This was a copy/paste from a friend in Facebook who got it from somewhere else there. It pissed me off and I want to share the emotion with you.
Overheard,
“Friends, I don’t want to break the 72 Hour Rule, but PRETTY PLEASE WITH SUGAR ON TOP stop spouting the “good guy with a gun” mantra on the Texas church shooting.
Good morning and fuck you. You don’t like “good guy with a gun”? Guess what? Neither does the idiots in Gun Control. It makes them mad that a simple sentence reflecting so much truth can destroy their business
There were good guys with guns there whose firearm did nothing, good guys there whose firearm actively endangered others for a bit, a very good man whose gun didn’t get in the fight fast enough who died, and another very good man who not only had a gun but a high level of skill in using that gun who actually made a positive difference.
Ah! I can smell the wafting scent of the elitist Tacticool asshole. You can always tell because they resent that Ma and Pa Smith have guns with them but have never taken a class of Ninja SWAT Shooting While Rappelling From a Helicopter.
The first usher who the murderer was yelling at may well have been able to dive on that shotgun and stop him with no gun, had he been trained and prepared to do so and known the principles of controlling someone with a long gun.
You know? This shit won’t happen to Tacticool Boy because he is always ready, his awareness never fails. He is a deadly pistoleer that nobody will catch with his pants down. “He shall never be ambushed!” is his motto while the spirit of Wild Bill Hickok laughs at this guy’s conceit.

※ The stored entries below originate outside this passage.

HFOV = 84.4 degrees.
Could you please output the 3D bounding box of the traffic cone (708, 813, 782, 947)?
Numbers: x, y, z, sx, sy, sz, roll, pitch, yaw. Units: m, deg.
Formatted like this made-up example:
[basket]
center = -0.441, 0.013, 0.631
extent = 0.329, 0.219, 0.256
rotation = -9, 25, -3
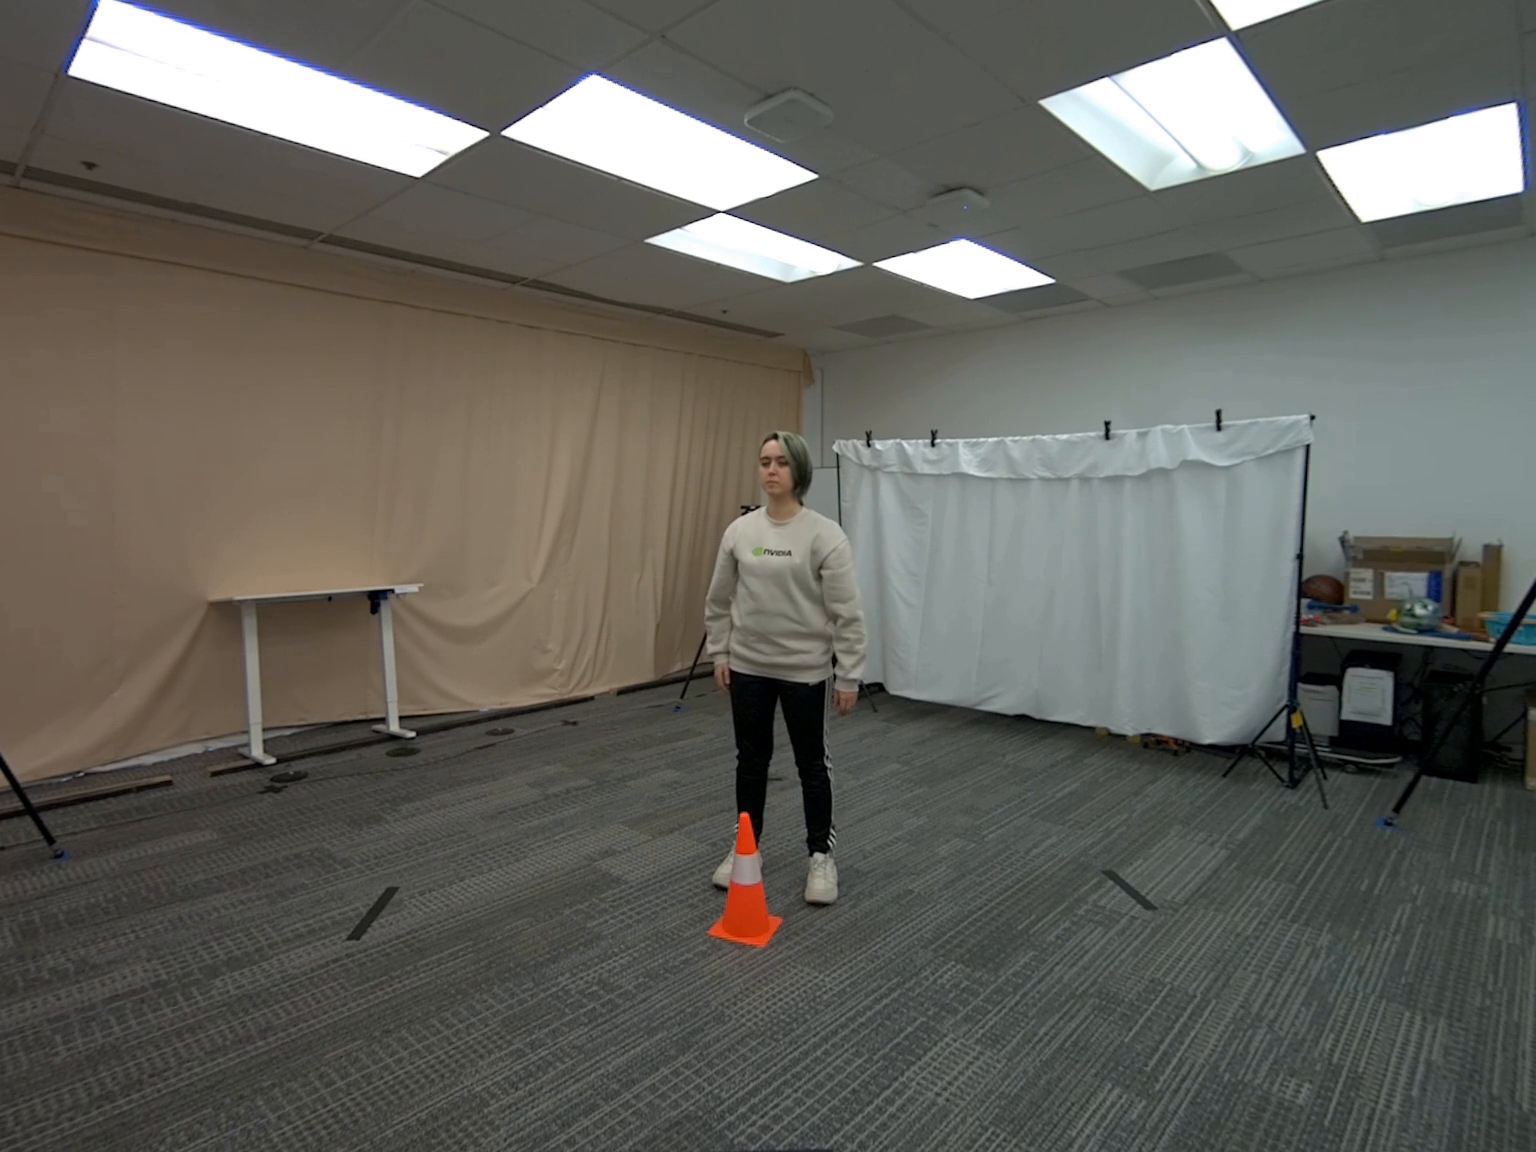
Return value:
[traffic cone]
center = -0.076, 0.973, 2.778
extent = 0.210, 0.383, 0.199
rotation = 0, 3, 23

And by the way, criticizing the guy who gave his life in defense of the parishioners because he did not know some Stephen Segal Fauxkido move is really low.
“The only thing that will stop a madman bent on killing people with a shotgun is a good person with the trained skill set and mindset to do so. If he’s at any distance, a gun really helps him do that.”
True, but not everybody has a couple of thousand bucks to spare and a week to take off from work so they can go to a (your?) Tacticool class on how to roll off an SUV at 45 mph while shooting at all paper targets in the ‘A’ Zone. The bes they can do is go to a square range, shoot a couple of boxes at a B-27 target. Of course, you could always offer free classes to the unwashed Gun Owners or at least a very discounted Groupon.
But two things: 1. That doesn’t make a good slogan to banter about and tribal signal with, and 2. You can’t buy a trained skill set and mindset at the gun store, you have to Do The Work and earn that.”
1-No and that is the point about slogans, particularly this very successful one and 2- as a matter of fact, you sound like a douchebag who would support laws forcing Gun Owners to take 3 days worth of classes before even owning a gun in order to line up your pockets.
PS: Next time, before engaging on a sales pitch for your “academy” at least let the bodies cool off and be buried and the families grieve.
Fucking Vulture.
Excuse me?
These are the same assholes that lend credibility to the controllers that it was “security” that did the good work and sweeping under the rug the other four who drew ready to confront the bastard.
The gun control people are spinning this to oblivion and they want to help them? Are they out of their friggin minds?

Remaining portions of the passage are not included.